SDK qb v1.0.0 Update Note

SDK qb v1.0.0 Update Note#

Update_illust

This update does not introduce major changes in usage from the user’s perspective, but it is a major update that includes significant improvements across the internal architecture and the SDK qb as a whole. We focused on scalability, consistency, and a structural refactor for future expansion.

1. Mobilint SDK qb Naming Unification#

Previously, different components used different names, which could be confusing for users new to the SDK qb. To address this, we unified the names of key SDK qb components as follows:

Runtime library maccel → qb Runtime
Compiler qubee → qb Compiler

This naming unification makes the roles and relationships between SDK qb components more intuitive and enables a more consistent user experience in documentation and future feature expansions.

Installation#

Due to a package naming policy change, legacy packages are no longer maintained.

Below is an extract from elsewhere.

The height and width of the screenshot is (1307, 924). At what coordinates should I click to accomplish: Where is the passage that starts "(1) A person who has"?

Please use the updated packages listed below.

I. Update APT Package Index#

Before installing any packages, update the APT package index:

sudo apt update

II. Install Runtime Library#

Runtime library package name has been changed from mobilint-npu-runtime to mobilint-qb-runtime.

# C++ library
sudo apt install mobilint-qb-runtime

# Python package
pip install mobilint-qb-runtime

III. Install Driver#

Driver package names have also changed according to the new naming policy from aries-driver to mobilint-aries-driver.

sudo apt install mobilint-aries-driver

C++ Library Changes#

Compilation/linking flags updated

# Previous build
g++ -o example example.cpp -lmaccel

# Updated build
g++ -o example example.cpp -lqbruntime

Header path updated

// Previous header
# include "maccel/maccel.h"

// Updated header
# include "qbruntime/qbruntime.h"

Python Package Changes#

Module name updated

# Previous module
import maccel

# Updated module
import qbruntime

2. Model Count Limit Removed#

Previously, the number of models that could run concurrently was limited by the number of NPU cores. This update removes that restriction by improving the underlying design.

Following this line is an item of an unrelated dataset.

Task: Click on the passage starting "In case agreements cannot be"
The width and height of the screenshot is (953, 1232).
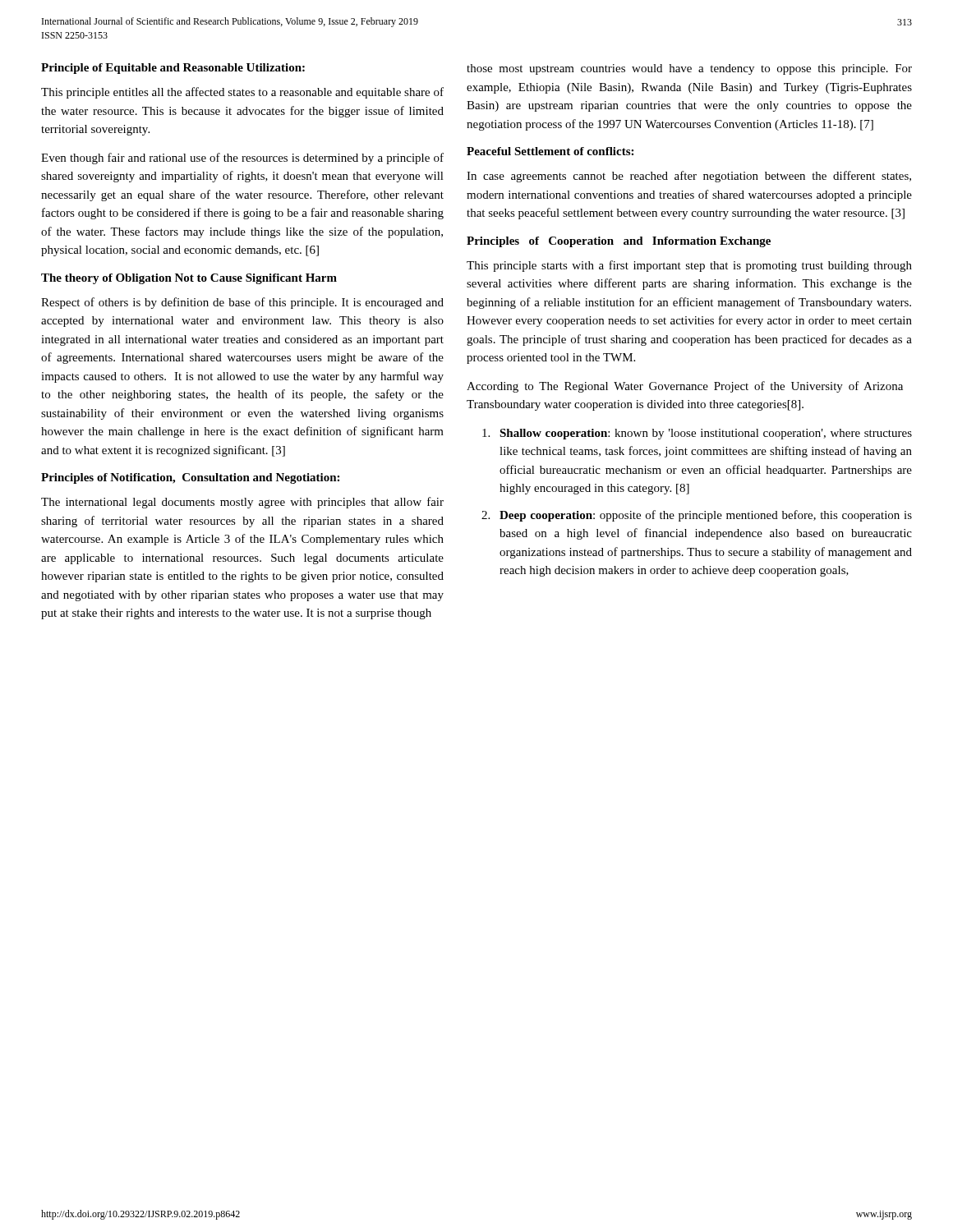Action: pyautogui.click(x=689, y=194)

Models compiled with the latest qb Compiler can be loaded and executed concurrently within available DRAM, regardless of the core mode specified at compile time.

Benefits include:

More flexibility in services that run multiple models simultaneously
Ability to run models built for different core modes at the same time
Removal of core constraints that affected large models such as LLMs

This change is based on internal runtime optimizations. For users, any model compiled as MXQv7 can take advantage of it without code changes.

3. Multithreading Performance Improvements#

With this update, the C++ library provides .setActivationSlots(int num) and the Python API provides .set_activation_slots(num) to more freely optimize pipelining between NPU inference and data transfer.

These functions allow you to control the number of input slots for a model. Using more slots increases NPU memory usage, but enables more effective pipelining and improves performance in multithreaded workloads.

NOTE: For models that use cache (e.g., LLMs), the activation slot count is currently limited to 1.

4. uint8 Inference Support#

This update officially supports uint8 integer inference.

uint8 quantized models can be compiled with qb Compiler
qb Runtime supports inference execution for these models

This enables reduced CPU overhead during preprocessing for models that use uint8 inputs.

Summary#

This major update focuses on internal scalability, consistency, and performance optimizations rather than visible UI or usage changes.

SDK qb will continue to evolve with ongoing performance and feature improvements.